Ireland
1881
Fergal
O’Sullivan ran as fast as his young legs would carry him. The soft dampness of
the bog, cushioning his feet as he sped over a familiar landscape. He knew that
the mounted police detachment would be sticking to the roads and tracks, but it
would still be a close thing if he was to warn his father and the others that
they were coming. He leaped like a hare over puddles and low spots that he knew
would slow him down; he had to reach the drier land of McTaggart’s meadow
before the horsemen did. He could feel his heart pounding in his chest and his
breath coming in cold, sharp mouthfuls as he sped onward. Two ravens cawed
their complaints at him for disturbing their peace, flying to safety at the top
of a gnarled old bog oak. They watched as Fergal leapt like a young deer over a
dark puddle of brown water and at last reached the drier land of the meadow.
The
large wooden barn stood a dozen yards ahead of him and gave the impression of
being deserted. Fergal clambered over the rickety boundary fence almost without
breaking stride. He noticed a tall, thin
man standing sentinel in front of the closed barn doors. He was sucking on a
clay pipe and regarding the approaching boy with a concerned eye. Fergal
splashed through the puddles in the farmyard, scattering the chickens as he
went, and raced past the watching man without a word. He pushed at the heavy
barn door and it opened enough for him to squeeze inside. He clambered onto a
bale of hay and scanned the scores of faces, looking for his father. John
O’Sullivan was near the front, avidly listening to the man standing on the bed
of McTaggart’s cart, addressing the assembled farmers and agricultural
labourers. Even at twelve years of age,
Fergal knew it was Michael Davitt. The missing arm he had lost in a mill
accident in England when he was but a boy, meant one sleeve of his coat hung
empty by his side. He also had a natural air of authority as he spoke and
Fergal was loathe to interrupt him. There was no time to lose though and much
as it embarrassed Fergal to shout over the man speaking, he knew he had to. He
cupped his hands by his mouth and roared out, ‘Peelers, the peelers are
coming!’
The
effect on the assembled crowd was instant and Fergal could feel the change in
atmosphere his words had provoked in the barn. There was much worried murmuring
and consternation before Davitt spoke in a commanding voice. ‘Gentlemen! Please
be quiet!’ Turning to Fergal he asked, ‘How far away are they, lad? How many of
them are there?’ Fergal felt every head in the cavernous barn turn to face him
but remained composed, ‘Twenty at least, on horseback. They’re on the famine
road, they’ll be here soon.’ Davitt ordered the assembled farmers to slip away
quietly into the hills and woods and make their way home as best they could. In
what seemed a moment, the barn emptied, Davitt himself being the last to leave.

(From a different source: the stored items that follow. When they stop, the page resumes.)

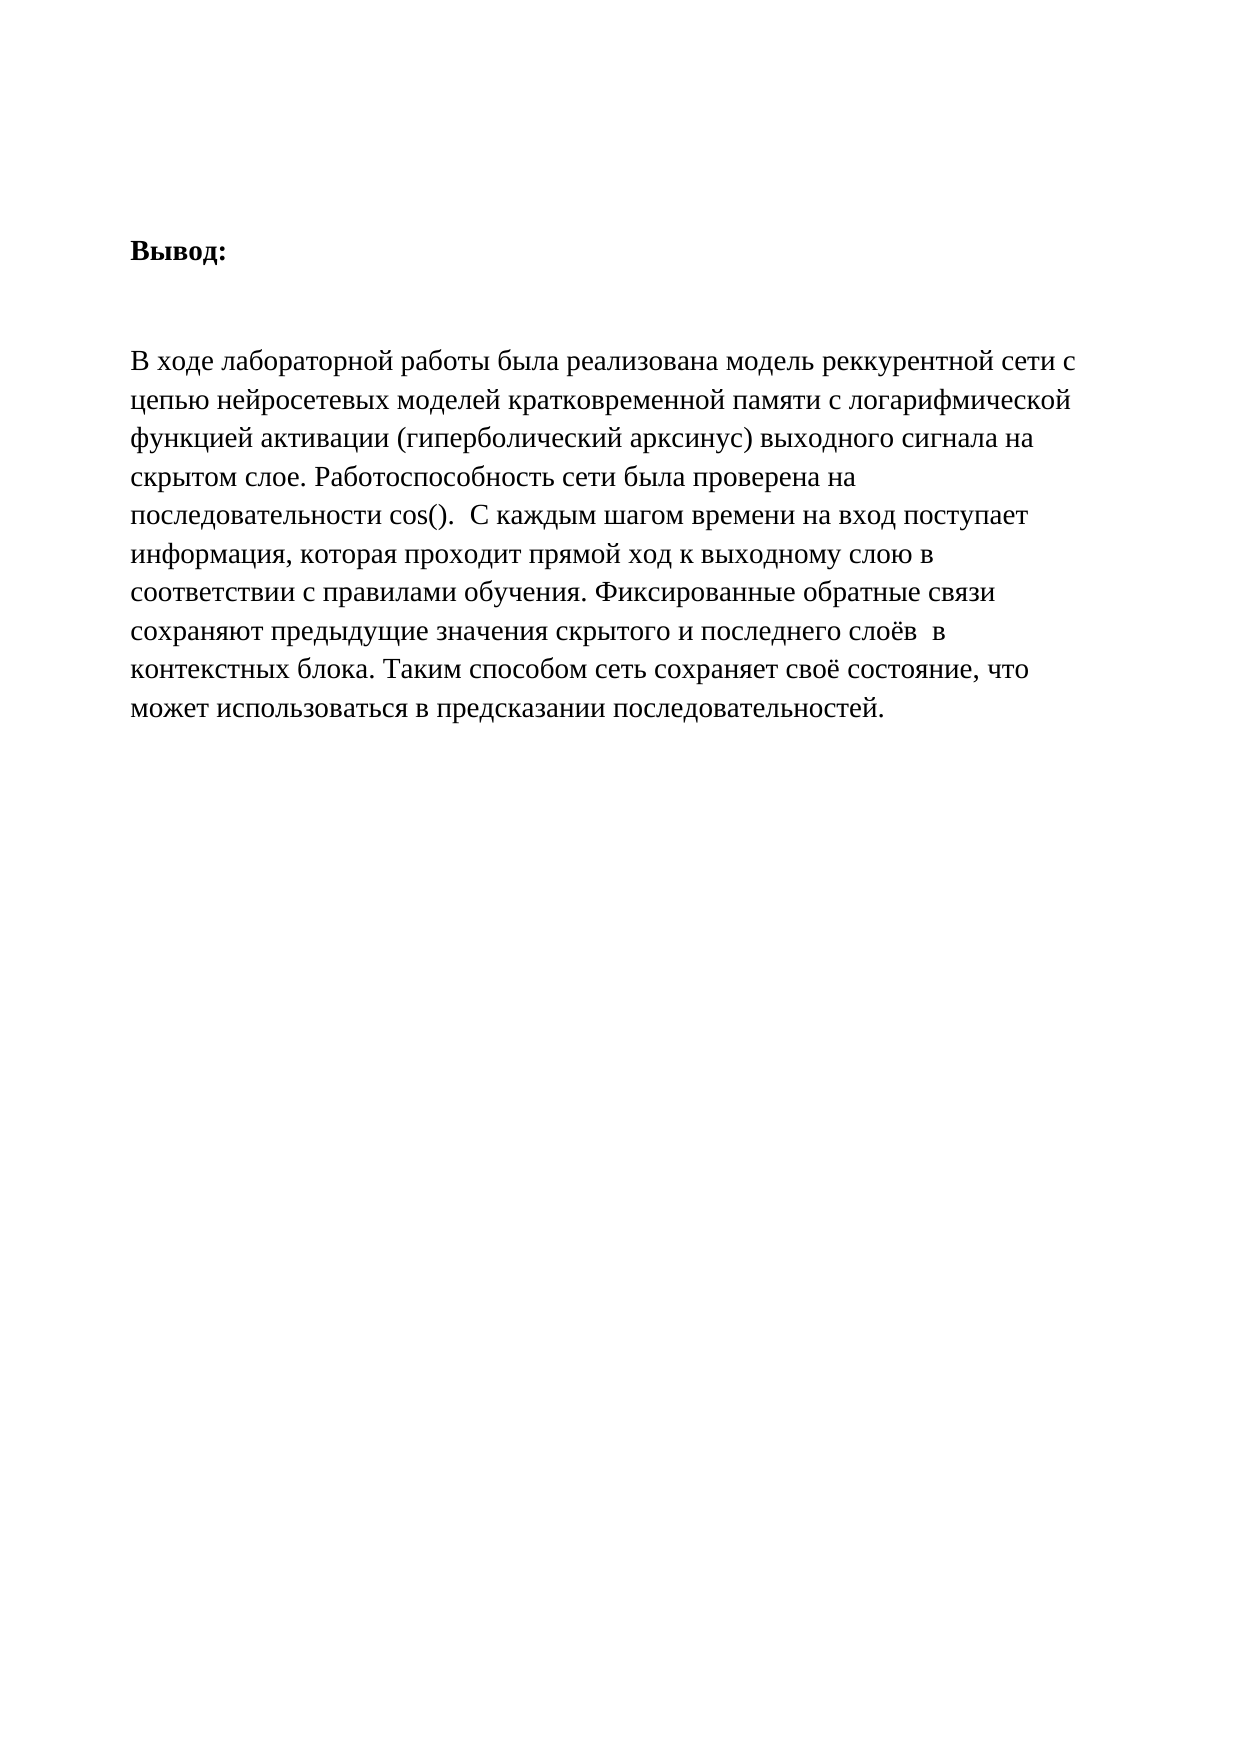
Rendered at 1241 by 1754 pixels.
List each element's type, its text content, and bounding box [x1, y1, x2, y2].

text Вывод: [130, 233, 1182, 267]
text В ходе лабораторной работы была реализована модель реккурентной сети с цепью нейросетевых моделей кратковременной памяти с логарифмической функцией активации (гиперболический арксинус) выходного сигнала на скрытом слое. Работоспособность сети была проверена на последовательности cos(). С каждым шагом времени на вход поступает информация, которая проходит прямой ход к выходному слою в соответствии с правилами обучения. Фиксированные обратные связи сохраняют предыдущие значения скрытого и последнего слоёв в контекстных блока. Таким способом сеть сохраняет своё состояние, что может использоваться в предсказании последовательностей. [130, 343, 1100, 724]
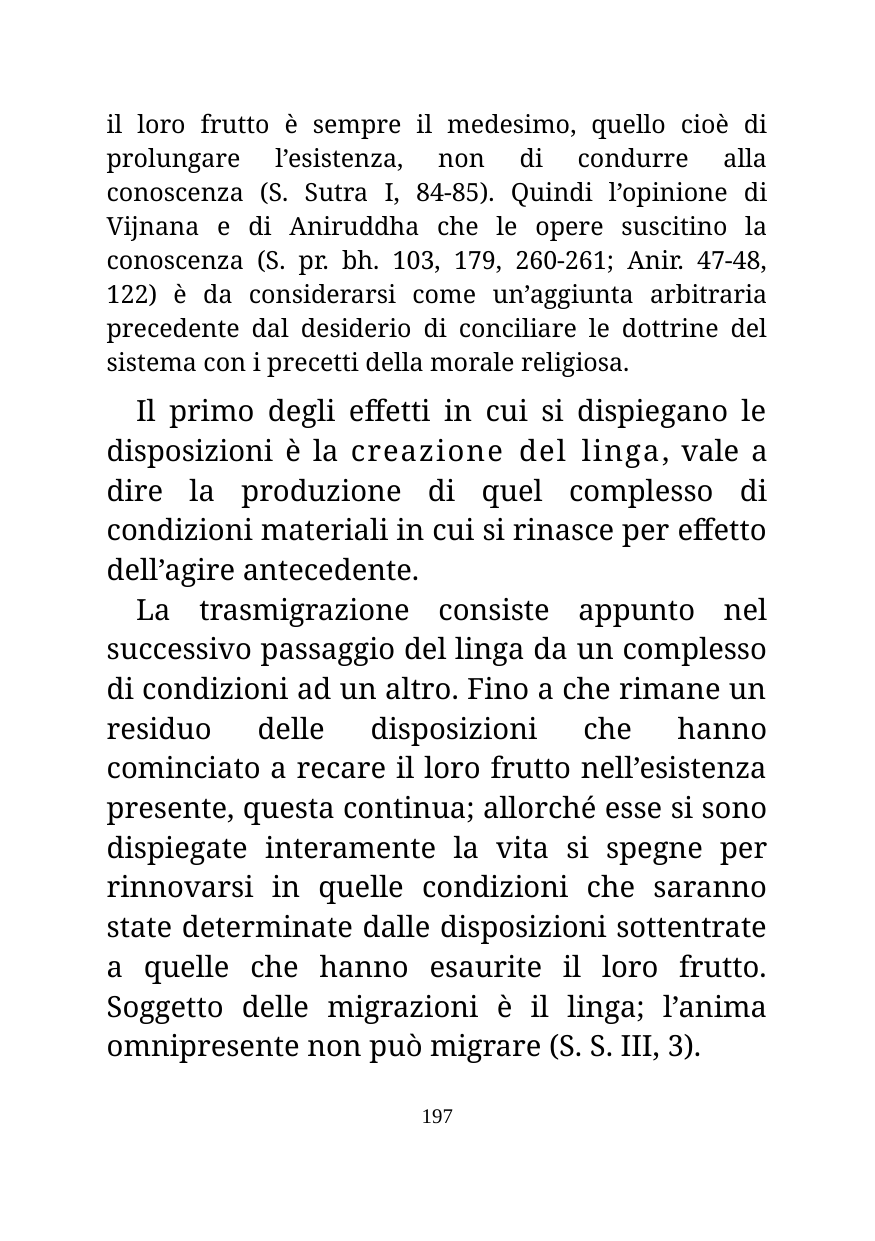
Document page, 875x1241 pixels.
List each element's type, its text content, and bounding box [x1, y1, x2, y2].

text Il primo degli effetti in cui si dispiegano le disposizioni è la creazione del linga, vale a dire la produzione di quel complesso di condizioni materiali in cui si rinasce per effetto dell’agire antecedente. [106, 391, 768, 589]
text il loro frutto è sempre il medesimo, quello cioè di prolungare l’esistenza, non di condurre alla conoscenza (S. Sutra I, 84-85). Quindi l’opinione di Vijnana e di Aniruddha che le opere suscitino la conoscenza (S. pr. bh. 103, 179, 260-261; Anir. 47-48, 122) è da considerarsi come un’aggiunta arbitraria precedente dal desiderio di conciliare le dottrine del sistema con i precetti della morale religiosa. [106, 106, 768, 379]
text La trasmigrazione consiste appunto nel successivo passaggio del linga da un complesso di condizioni ad un altro. Fino a che rimane un residuo delle disposizioni che hanno cominciato a recare il loro frutto nell’esistenza presente, questa continua; allorché esse si sono dispiegate interamente la vita si spegne per rinnovarsi in quelle condizioni che saranno state determinate dalle disposizioni sottentrate a quelle che hanno esaurite il loro frutto. Soggetto delle migrazioni è il linga; l’anima omnipresente non può migrare (S. S. III, 3). [106, 589, 768, 1065]
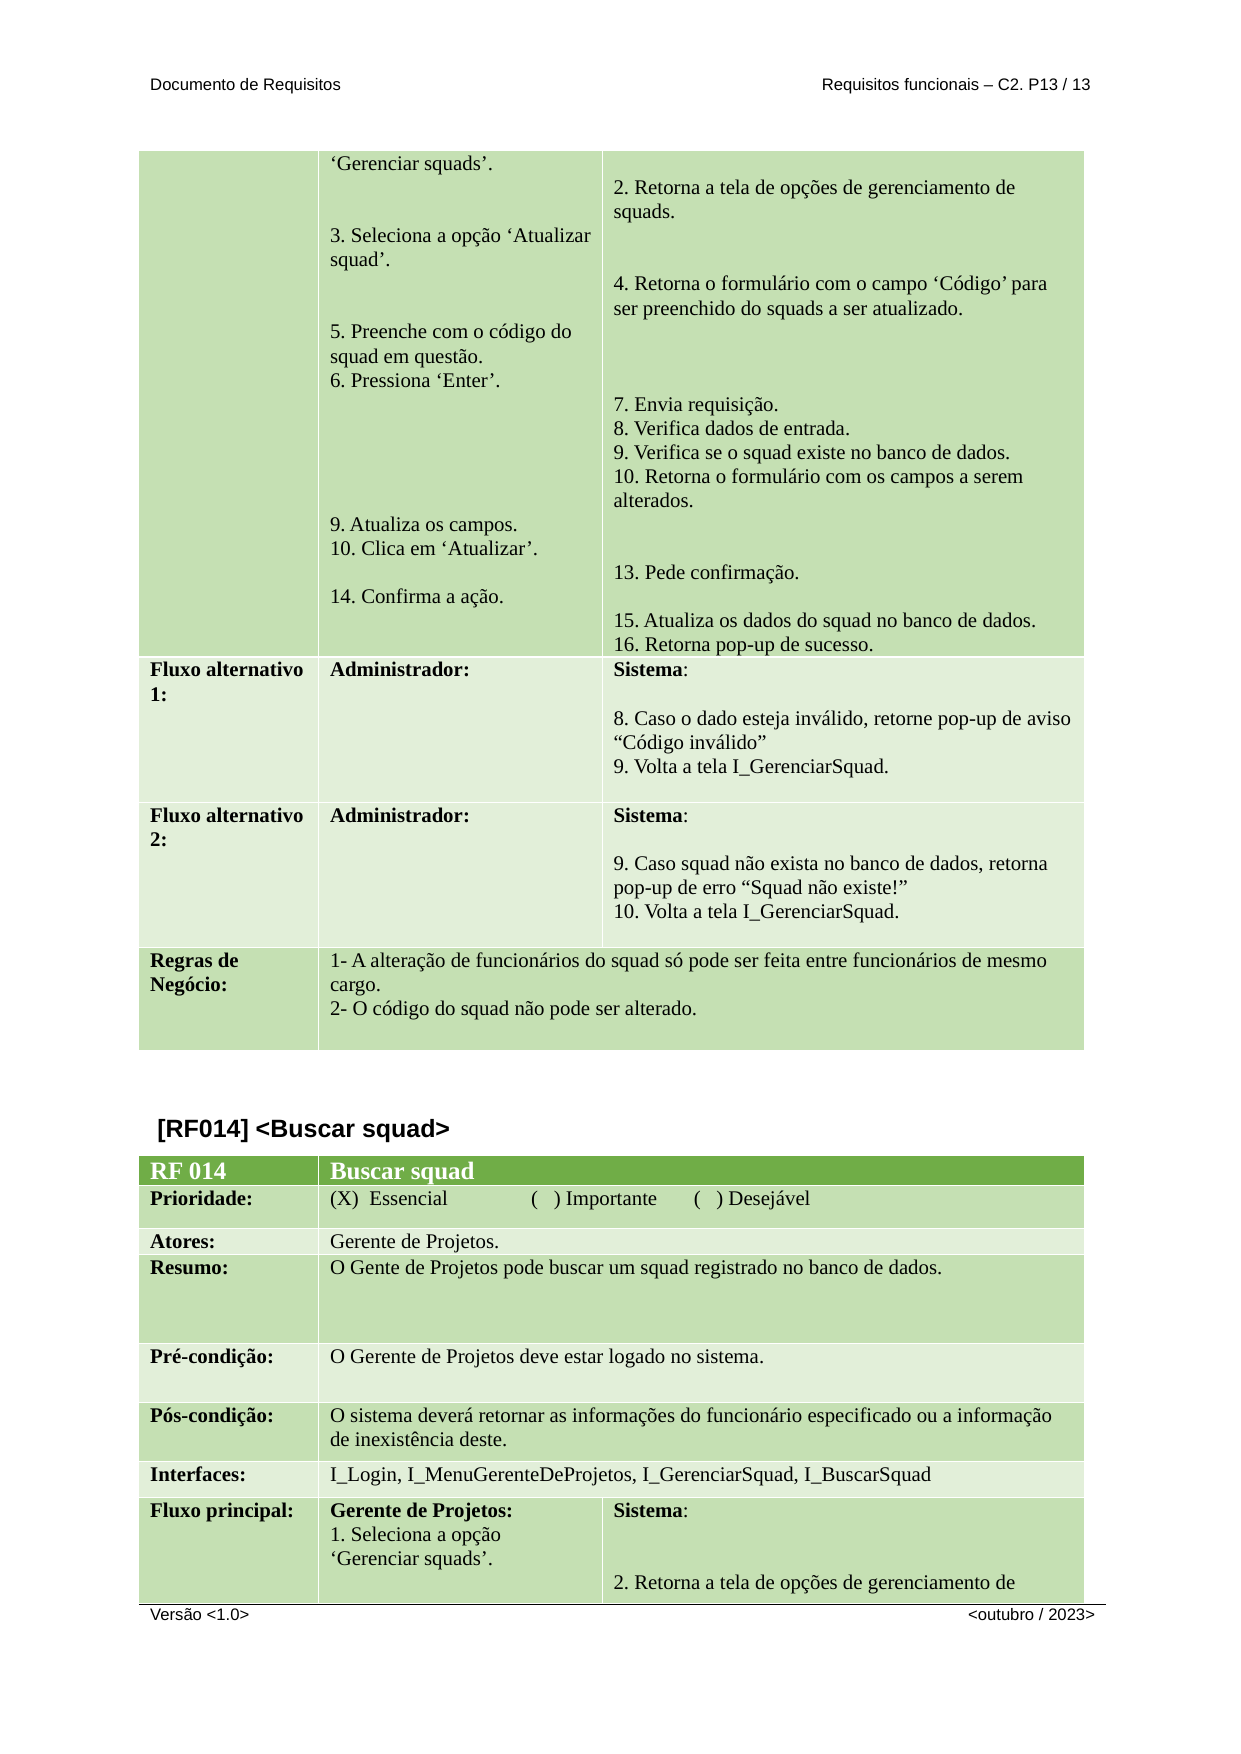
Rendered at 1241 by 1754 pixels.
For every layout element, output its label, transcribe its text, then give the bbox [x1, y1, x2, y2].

table_header RF 014 [139, 1156, 318, 1185]
table_cell O sistema deverá retornar as informações do funcionário especificado ou a informação de inexistência deste. [319, 1403, 1084, 1461]
table_cell 2. Retorna a tela de opções de gerenciamento de squads. 4. Retorna o formulário com o campo ‘Código’ para ser preenchido do squads a ser atualizado. 7. Envia requisição. 8. Verifica dados de entrada. 9. Verifica se o squad existe no banco de dados. 10. Retorna o formulário com os campos a serem alterados. 13. Pede confirmação. 15. Atualiza os dados do squad no banco de dados. 16. Retorna pop-up de sucesso. [603, 151, 1084, 656]
table_cell I_Login, I_MenuGerenteDeProjetos, I_GerenciarSquad, I_BuscarSquad [319, 1462, 1084, 1497]
text [RF014] <Buscar squad> [150, 1114, 1090, 1143]
table_cell Fluxo alternativo 1: [139, 658, 318, 802]
table_cell Sistema: 9. Caso squad não exista no banco de dados, retorna pop-up de erro “Squad não existe!” 10. Volta a tela I_GerenciarSquad. [603, 803, 1084, 947]
table_cell Pré-condição: [139, 1344, 318, 1402]
table_cell (X) Essencial ( ) Importante ( ) Desejável [319, 1186, 1084, 1228]
table_cell Administrador: [319, 658, 602, 802]
table_header Buscar squad [319, 1156, 1084, 1185]
table_cell O Gerente de Projetos deve estar logado no sistema. [319, 1344, 1084, 1402]
table_cell Gerente de Projetos: 1. Seleciona a opção ‘Gerenciar squads’. [319, 1498, 602, 1603]
table_cell Gerente de Projetos. [319, 1229, 1084, 1254]
table_cell Fluxo principal: [139, 1498, 318, 1603]
table_cell Fluxo alternativo 2: [139, 803, 318, 947]
table_cell Sistema: 8. Caso o dado esteja inválido, retorne pop-up de aviso “Código inválido” 9. Volta a tela I_GerenciarSquad. [603, 658, 1084, 802]
table_cell Regras de Negócio: [139, 948, 318, 1050]
table_cell Administrador: [319, 803, 602, 947]
table_cell O Gente de Projetos pode buscar um squad registrado no banco de dados. [319, 1255, 1084, 1343]
table_cell Sistema: 2. Retorna a tela de opções de gerenciamento de [603, 1498, 1084, 1603]
table_cell Interfaces: [139, 1462, 318, 1497]
table_cell Atores: [139, 1229, 318, 1254]
table_cell [139, 151, 318, 656]
table_cell Resumo: [139, 1255, 318, 1343]
table_cell Pós-condição: [139, 1403, 318, 1461]
table_cell ‘Gerenciar squads’. 3. Seleciona a opção ‘Atualizar squad’. 5. Preenche com o código do squad em questão. 6. Pressiona ‘Enter’. 9. Atualiza os campos. 10. Clica em ‘Atualizar’. 14. Confirma a ação. [319, 151, 602, 656]
table_cell Prioridade: [139, 1186, 318, 1228]
table_cell 1- A alteração de funcionários do squad só pode ser feita entre funcionários de mesmo cargo. 2- O código do squad não pode ser alterado. [319, 948, 1084, 1050]

As he passed Fergal, he smiled and placed his hand on his shoulder, ‘Thank you,
lad. You’ve saved a few honest men some trouble this day.’ With that he hurried
from the barn and was spirited away into the Donegal hills.
Fergal
and his father clambered over the fence into the bog and stealthily made their
way back towards their own small plot of land which lay three miles away. The
tell-tale sound of horses on the famine road to their north told John
O’Sullivan that he had been wise to post Fergal and some other local lads as
lookouts. The Police had been breaking up land league meetings with increasing
brutality and those found in attendance ran the risk of being evicted from
their smallholdings. No horses would risk the bog in the wet months though, so
they knew they’d be safe using this route home.
Fergal’s
grandfather had taught him at an early age to read the bog like a map and avoid
its more dangerous places. He learned where to find cranberries and crowberries
which were used to flavour food. His grandfather would collect sorrel leaves
which he used to make a sharp, citrus tasting tea. They’d cut peat together in
the warmer days of summer and let it dry before storing it closer to home for
use in the winter months. His grandfather also told him the old legends about
bog sprites and the Pooka; shape shifting spirits which could help or hinder
travellers depending on their mood. The bog may have been considered a desolate
and slightly dangerous place by some, but to Fergal, it was a living landscape,
a place which offered much to those who knew and respected it.
As
they neared home, Fergal’s father glanced back in the direction they had come
from. A dark trail of smoke was drifting into the clear sky telling him that
McTaggart’s barn was on fire. ‘Bastards!’ he muttered, ’Irishmen doing that to
their own people for a few stinking shillings a week.’ Fergal said nothing as he watched the smoke
in the distance rising higher into the sky. It could be seen for miles around,
but then perhaps that was the intention. The increasingly ruthless
behaviour of the RIC was meant to cow
and intimidate the people, and John O’Sullivan knew that it was having some
effect. Numbers at meetings were down and some whispered darkly of informers
and evictions. The ordinary people seemed caught in a hopeless bind as powerful
forces allied themselves against them. The way John saw things, when people
started to organise, it seemed to worry those in charge and they responded with
repression.
Fergal
rose with the sun the following morning and slipped quietly out of the cottage.
As the oldest of five children, he had chores which required attending to
before breakfast. He fed the chickens, fetched the water required for cooking
and washing and took the bucket filled with potato peelings and various other
left-over pieces of food, and used it to feed the family’s pigs. They’d bred
their sow earlier in the year with neighbour, Ned Brannan’s boar and would
split the litter once it was weaned. It was an odd number, so they’d give the
runt to one of their poorer neighbours, as was tradition. The sow and her
offspring were the only real thing of value his family possessed. The potatoes,
barley and carrots his father grew were mostly sold but the money raised was
insufficient to pay the rent on the few acres they farmed and Fergal’s father
would often have to work on the landlord’s estate in order to make up for this.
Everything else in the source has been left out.